Loose coupling is better all around. For example, you can often fully automate the Word-to-XHTML conversion and leave it at that. If revisions are needed, just update the Word document.
take it easy,
Charles Reitzel
At 05:07 PM 11/19/2002 +0000, Eoin Campbell wrote:
You don't need to cripple Word to force authors to
use styles well. You can provide a template which supports the authoring process by providing menus, toolbars and shortcut keys that make it easier for authors to create well- than badly styled content.
A simple example is to map the <Ctrl>+1 key combination to the 'Heading 1' style. Authors are quite happy to use features that make life easier for them.
You can also simply ignore presentation formatting (font family, size, color, etc.) when converting to XML, and only map named styles to XML elements.
We have got generally excellent results when combining these two principles, and turning Word into a reasonable tool for creating structured XML content.
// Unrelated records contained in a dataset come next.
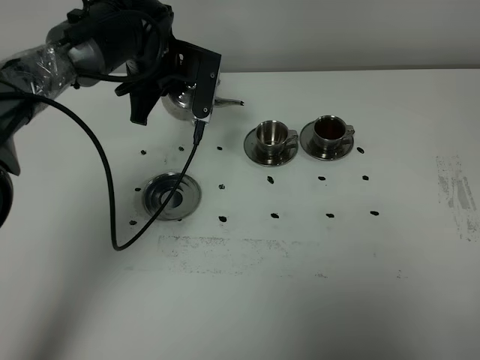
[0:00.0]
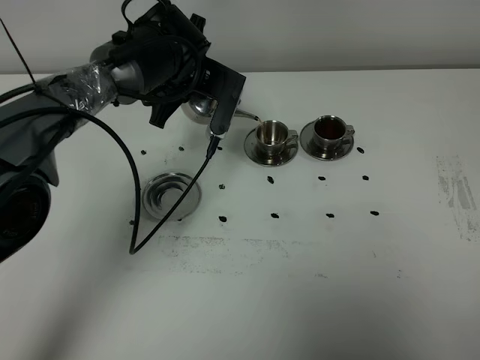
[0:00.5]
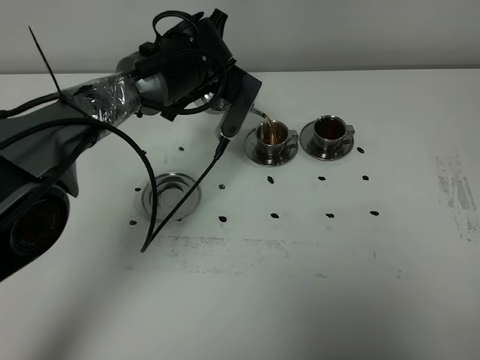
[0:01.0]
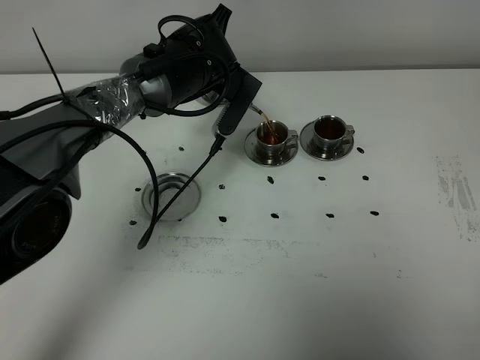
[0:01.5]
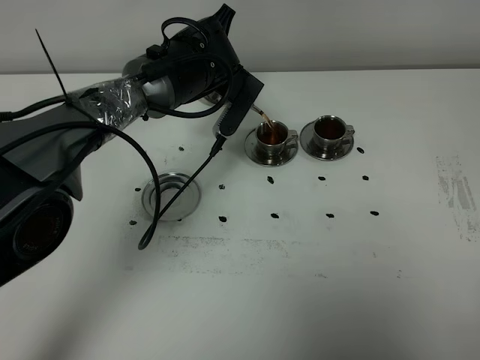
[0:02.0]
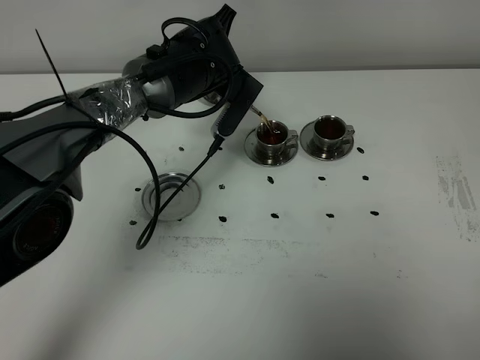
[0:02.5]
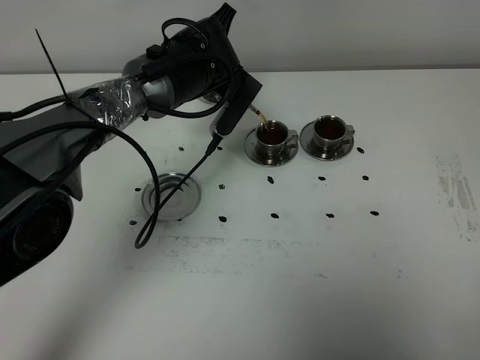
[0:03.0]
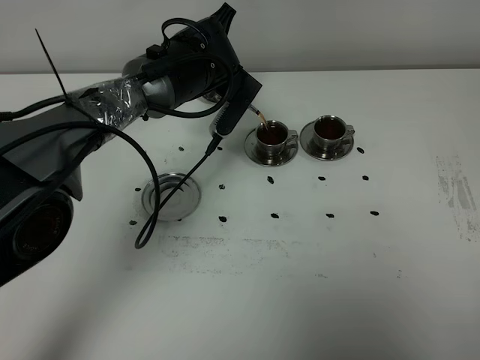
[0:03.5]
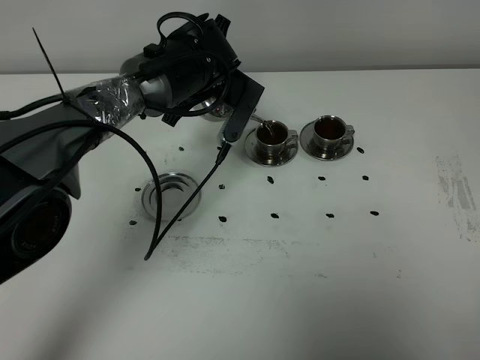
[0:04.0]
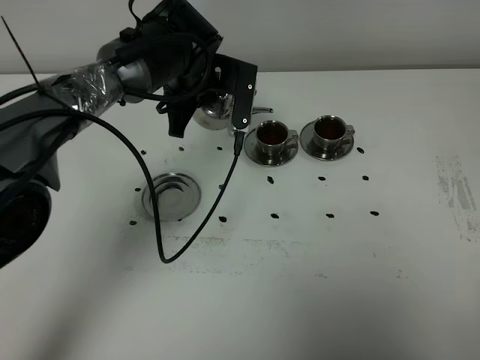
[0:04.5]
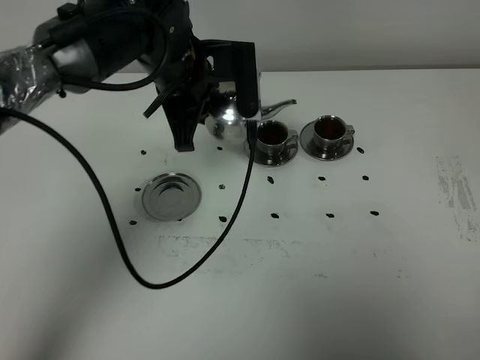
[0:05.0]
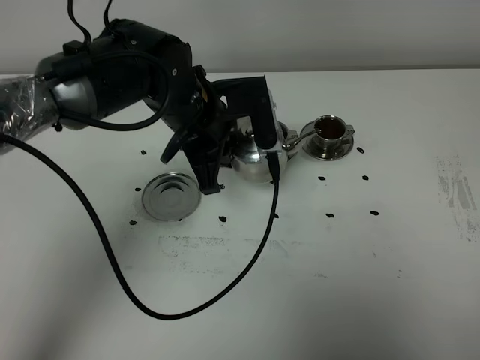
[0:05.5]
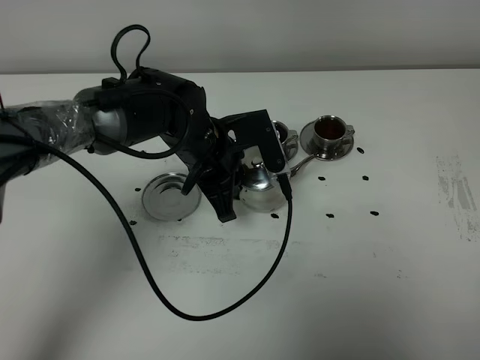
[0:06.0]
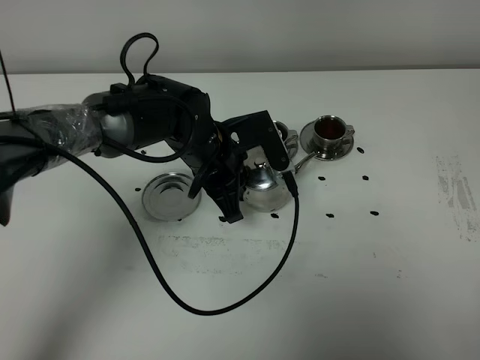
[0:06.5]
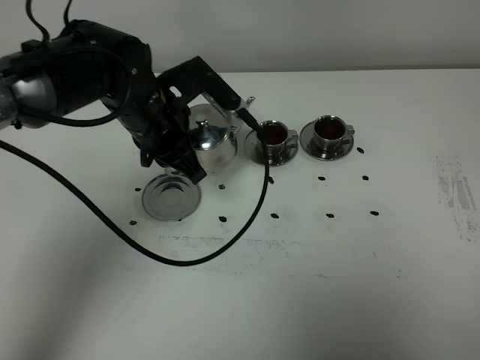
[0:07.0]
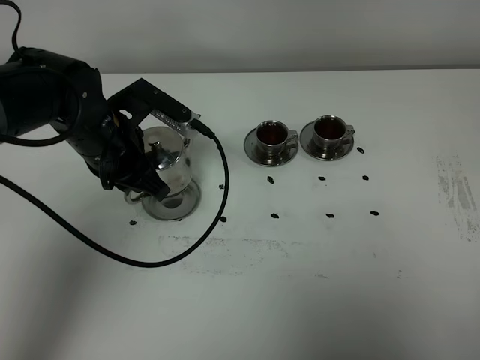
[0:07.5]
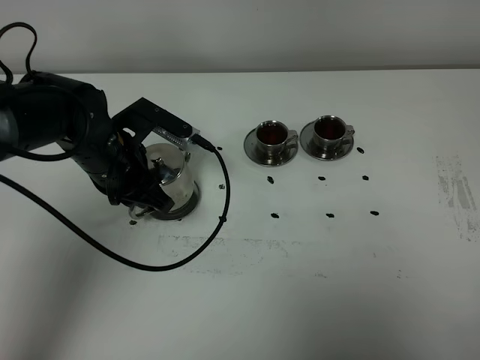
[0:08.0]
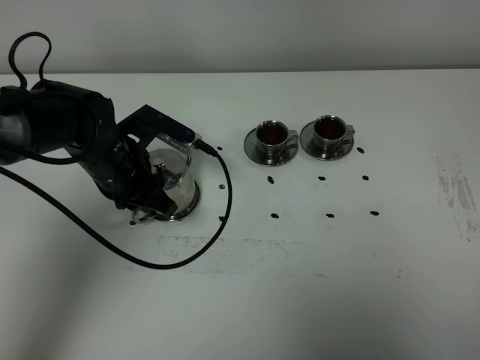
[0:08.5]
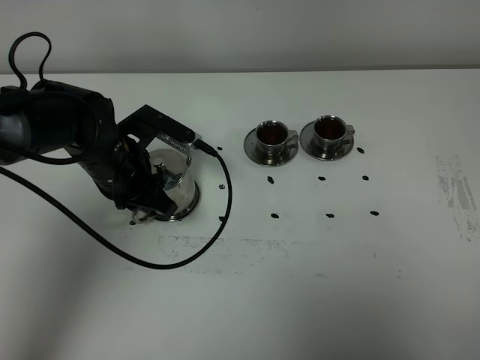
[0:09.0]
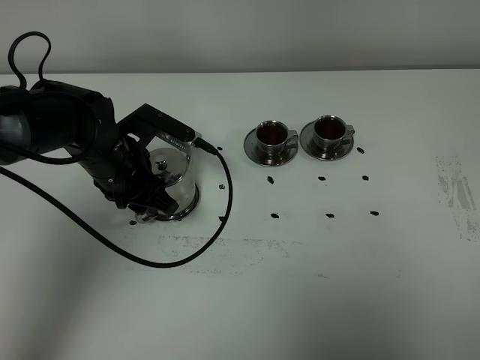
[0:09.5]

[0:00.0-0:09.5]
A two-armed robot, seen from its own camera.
Task of the whole recording: grasp the stainless steel teapot and pour the tea into the two stainless steel teacups one by one, put the stainless steel teapot back in its original place.
Step, 0:00.0 to 0:04.0: Pour tea into the teacup with the left gripper.
0:00.0 to 0:02.0: The left gripper goes approximately 5 cm to the right.
0:02.0 to 0:04.0: The grippers stay close to where they were, moving slightly.
0:04.0 to 0:05.5: The left gripper heads backward, covering approximately 10 cm.
0:05.5 to 0:07.5: The left gripper moves to the left, approximately 10 cm.
0:07.5 to 0:09.5: The left gripper opens up.

Depending on the application, an editor may need to use a real XML editor to further enrich content originally created in Word, but that is a lot better than forcing all authors to create content directly in XML.
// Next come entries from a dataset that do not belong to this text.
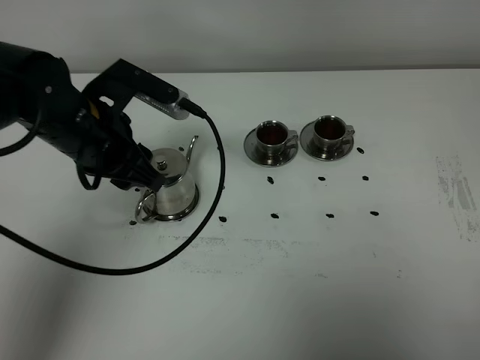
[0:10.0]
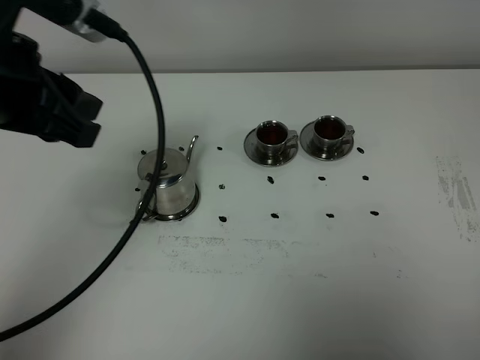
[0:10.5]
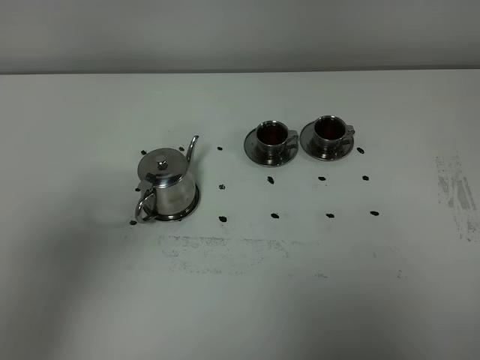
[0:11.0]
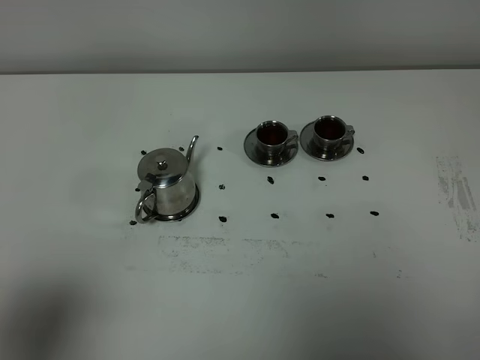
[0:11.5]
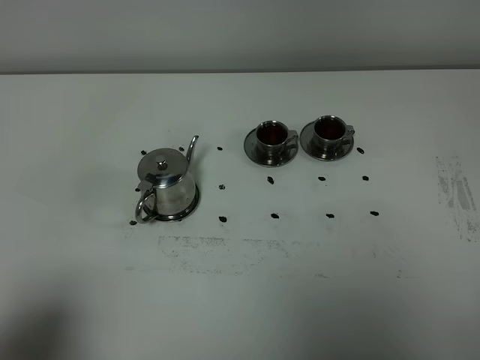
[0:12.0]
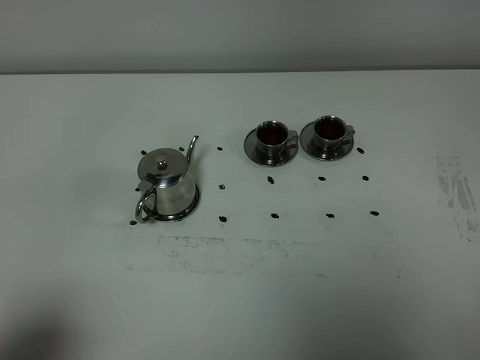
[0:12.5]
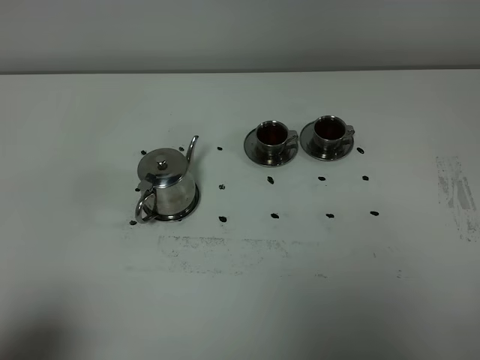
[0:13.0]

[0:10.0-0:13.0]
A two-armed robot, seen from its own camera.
Task of the whole recording: grasp the stainless steel teapot and pour the tea into the two stainless steel teacups one by one, put the stainless steel teapot back in its original place.
0:10.0 to 0:11.5: The left gripper shifts roughly 35 cm backward and to the left.
0:11.5 to 0:13.0: The left gripper travels downward by roughly 10 cm.

Structured Word documents convert very well into XML, using any of the available Word to XML converters.
The articles on the www.eiro.eurofound.eu.int website are created in Word by about 25 authors all over Europe, and submitted by email. The Word documents are converted to XML by an editorial team, further edited, and finally published as HTML online.
At 16:52 18/11/2002, "Austin, Darrel" wrote:
So, I was thinking...I know you can tap in to Word's engine and customize the UI it with dlls and such. What would be nice is an add-on that would 'cripple' word to the point where the author could only style text based on the style sheets defined by an external author (via a template, perhaps). No font picking, changing colors, bolding/underlining random text, etc. That
would seem to me an ideal way to get content authors to start creating more structured content without having to be wrestled out of their safe haven of MS Word. It would also make a word to clean XML parser a lot easier to
create.
-- Eoin Campbell, Technical Director, XML Workshop Ltd,
-- http://cms-list.org/ trim your replies for good karma.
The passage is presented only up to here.